Born dirt poor in Argentina, by his teenage years he was already recognized as a budding star of soccer (or football, if you prefer). His footwork was sublime, his speed blazing, his ability to outsmart and outmaneuver defenders dazzling. In faraway London, young future filmmaker Asif Kapadia kept an eye on Maradona's exploits. "I am a football fan so I was aware of him growing up just because I’d watch the World Cup," the Oscar-winning director recalls. "There were rumors about him quite early on about how he was going to be the best player in the world." Kapadia's new documentary Diego Maradona shows how the attacking midfielder fulfilled his promise, but along the way became embroiled in controversy and scandal. "So much drama," Kapadia says of the Maradona story. "It''s like so much chaos." There is no one quite like him, a person who got to those sort of heights and those sort of depths.
Diego Maradona opened today in theaters in New York (Cinema Village) and the LA area (Laemmle Glendale). It debuts on HBO October 1.
The film begins in 1984, the momentous year when Maradona was unveiled to rapturous fans in Naples, Italy, as the new star of the local club after his transfer from Barcelona (for a then record fee of $10 million). Napoli had never enjoyed success; both the team and its Neopolitans themselves were derided by Northern Italians as sewer-dwellers. Winning a title must have seemed like the impossible dream.
Against all odds, Maradona lifted Napoli to championships, earning the adoration of fans.
"It was like he saved us," remembers one of them. "He became a god." He was a god in his native Argentina too, especially after he led his country to the World Cup title in 1986, with a victory over West Germany in the final. Maradona was on top at that point, but the seeds of his destruction were being sown, as Kapadia shows in the film. Diego made something of a pact with the Devil in Naples, falling under the sway of the Camorra, Napoli's notorious underworld. At first his Camorra friends provided security. Then they provided drugs. In return, the soccer king hung out with them and did favors, like making personal appearances to help launch various businesses. Not even a severe cocaine addiction to keep Maradona from performing brilliantly on the field. But what ultimately proved his ruin was playing for his native Argentina in the 1990 World Cup - hosted on Italian soil. In a fateful match played in Naples, Diego led his team to victory over Italy. The country largely turned against him and Maradona's descent afterwards was rapid and complete. A 15-month ban for failing a drug test in 1991 pretty much put an end to his career. What does Maradona have to say about all this? Kapadia did secure a trio of interviews with the soccer star, who is now 58. But the director says his subject was not the most reliable witness to his own story. "He isn’t necessarily ever going to look back and say, 'Oh, I made a mistake at that point in my life and I regret that,'" Kapadia comments. "That’s not who he is, just never will be. So that’s been quite an interesting challenge to make a film about him because you kind of go with the ride and at times there are things that he does which I would just never, ever, ever agree with, never want to be a part of."

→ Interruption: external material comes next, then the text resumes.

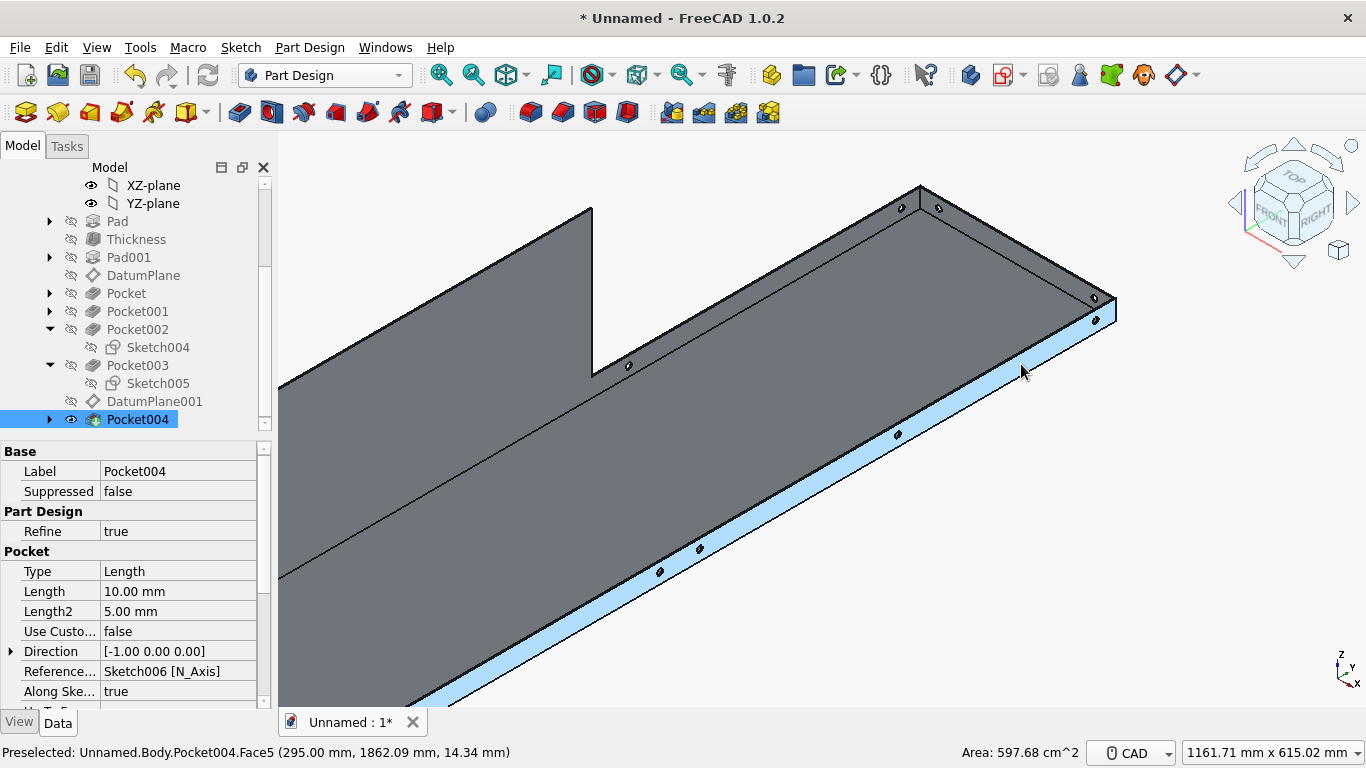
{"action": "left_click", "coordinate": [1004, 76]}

Kapadia interviewed Maradona in Dubai, where he had secured a coaching position. The logistics were complex, especially given the language barrier between the Spanish-speaking star and English-speaking director.
"I had my computer open on Facetime where I had two of our team in London listening in on the interview who could type if there was anything that was said that was inaccurate or if I had a question," Kapadia explains. "The idea was to make it seem totally natural to Diego like he and I talking. I’m getting live translation in my ear so there is no wait and no delay. But also if he goes off on a tangent... and it’s irrelevant I can interrupt him because I know I’m only going to get 90 minutes with him. So that’s how the kind of process developed." Kapadia says there were several things he wanted Maradona to address, some of them about football, others about his personal life, including serial infidelity and fathering a child that he denied siring. "The difficult questions were going to be about women, his relationships, the fact that he had a kid that he just did not recognize, the drugs problem, the addiction to cocaine, where it started, how it happened, and his relationship with the underworld," Kapadia notes. "Playing in Italy, his family... As well as, in England everyone is obsessed with the "Hand of God" goal" [that knocked England out of the 1986 World Cup.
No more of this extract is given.